“Um homem foi flagrado pela Polícia Militar enquanto se passava pela mulher em um curso de reciclagem para motoristas em Curitiba.
Adilson Gomes Domingues, 40, que se apresentou como a mulher, Eduvanir, assistiu à primeira aula e chegou a assinar a presença no curso na segunda-feira.
Segundo o Detran-PR (Departamento Estadual de Trânsito), ao ver que o nome, cadastrado como feminino, era usado por um homem, a professora decidiu comparar a assinatura dele com a da carteira de habilitação registrada no órgão (...)
O homem foi conduzido então ao 1º DP de Curitiba para prestar esclarecimentos. Segundo a Secretaria de Segurança Pública, ele foi liberado em seguida, mas deve responder por falsidade ideológica. A mulher, por sua vez, precisará frequentar o curso.”
Essa matéria é interessante para aprendermos algo importante sobre penas: elas não vão além da pessoa do condenado. Esse é um princípio das democracias e está no artigo 5o, XLV de nossa Constituição: “nenhuma pena passará da pessoa do condenado”.
Existem dois pontos importantes derivados desse direito-obrigação:
Primeiro, apenas o acusado pode ser condenado e apenas o condenado pode sofrer a pena. Se Zezinho comete um crime, sua mãe, seu filho, seu irmão gêmeo ou sua esposa não podem ser condenados em seu lugar e muito menos serem obrigados a cumprir sua pena. O crime e a pena são dele. Isso não quer dizer que, infelizmente, seus parentes, cônjuges e outras pessoas próximas a ele não sofrerão o impacto de sua condenação.
Óbvio que se ele for preso ele não poderá prover tudo que era capaz de prover à sua família, quando tinha um salario e trabalho. Sua família sofrerá o impacto financeiro dessa restrição. Mas isso não é uma pena contra a família, mas apenas uma consequência negativa da condenação de Zezinho. Por outro lado, se enquanto ele estiver preso ele receber uma super herança ou ganhar na loteria, esse dinheiro será dele, mas as consequências positivas serão refletidas em sua família.
Sempre que lemos o artigo acima, pensamos nesse primeiro aspecto da vedação. Mas existe um outro lado da moeda:
Ninguém pode ser condenado ou cumprir a pena em seu lugar, mesmo que essa terceira pessoa queira e se ofereça para isso. A justiça não aceita mártires. Não importa que o jovem homicida tenha 18 anos e uma vida inteira pela frente, e seu tataravô tenha cento e muitos anos e tenha sido desenganado pelos médicos: se Zezinho cometeu um delito, só ele pode cumprir sua pena.

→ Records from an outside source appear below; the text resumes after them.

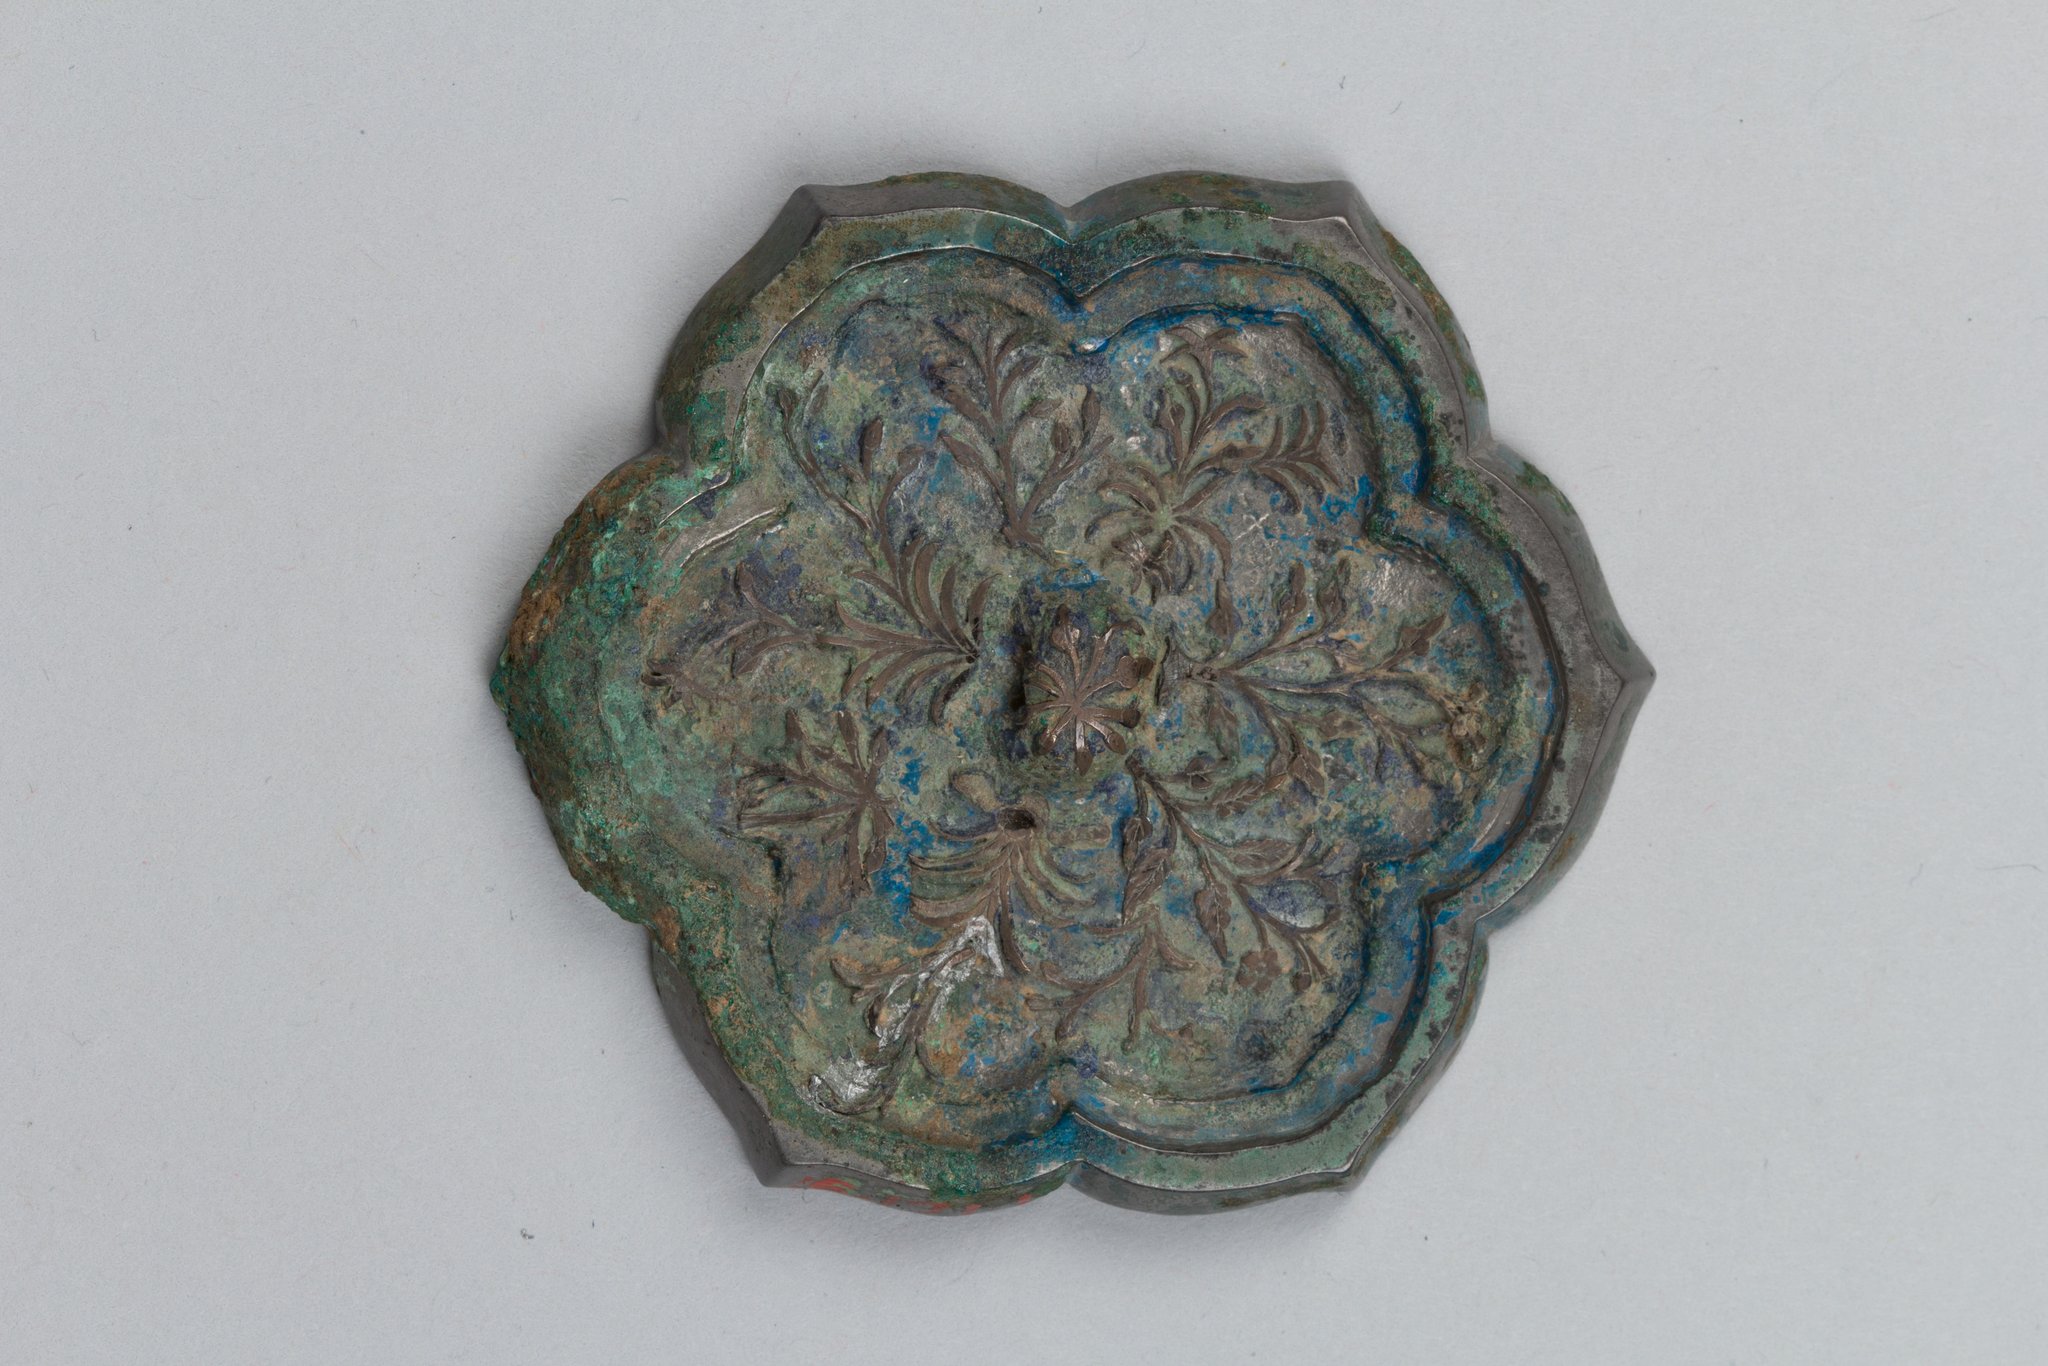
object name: mirror
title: Mirror with floral designs
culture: chinese
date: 701-800
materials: bronze, silver
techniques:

É o que ocorreu na matéria acima. A sanção não é contra o esposo: foi contra a esposa. Não importa que o esposo queira assistir as aulas em lugar da esposa, ou que ela esteja doente. Só a esposa pode cumprir sua pena. Da mesma forma que se agora ele for condenado por falsidade ideológica, só ele poderá cumprir sua pena. Tampouco eles podem fazer um acordo para cumprir a pena um do outro.
E por que não podem? Por que a Constituição veda? Afinal, a sociedade ainda está colocando uma pessoa atrás das grades, não? Não! Para isso precisamos entender quais os objetivos de uma pena. Elas servem para três objetivos: punir, exemplificar e reeducar. Todas as penas, em graus diferentes, cumprem (ou deveriam cumprir) essas três funções. Elas punem quem errou, exemplificam para o resto da sociedade que esse erro não é aceito e será punido se outra pessoa também errar, e tentam reeducar aquele que errou para que ele não volte a errar no futuro.
Ora, se uma pessoa pode cumprir a pena no lugar de outra, essas três funções vão por água abaixo: quem errou não sofrerá as consequências de seu erro, e tampouco aprenderá que não pode voltar a cometer esse erro (a bem da verdade, aprenderá justamente o contrário: que é fácil escapar do braço da lei), e o resto da sociedade terá como exemplo a ineficácia da lei.
Mas haveria algo ainda pior: os mais ricos poderiam ‘alugar’ cumpridores de penas. Haveria pessoas cuja a profissão seria cumprir penas. E, acreditem ou não, para a justiça, ricos e pobres devem (ao menos em teoria) ser tratados de forma idêntica (a tal da justiça cega).
Existe, na verdade, uma terceira razão: as penas são individualizadas. Mas vamos falar disso em outro post.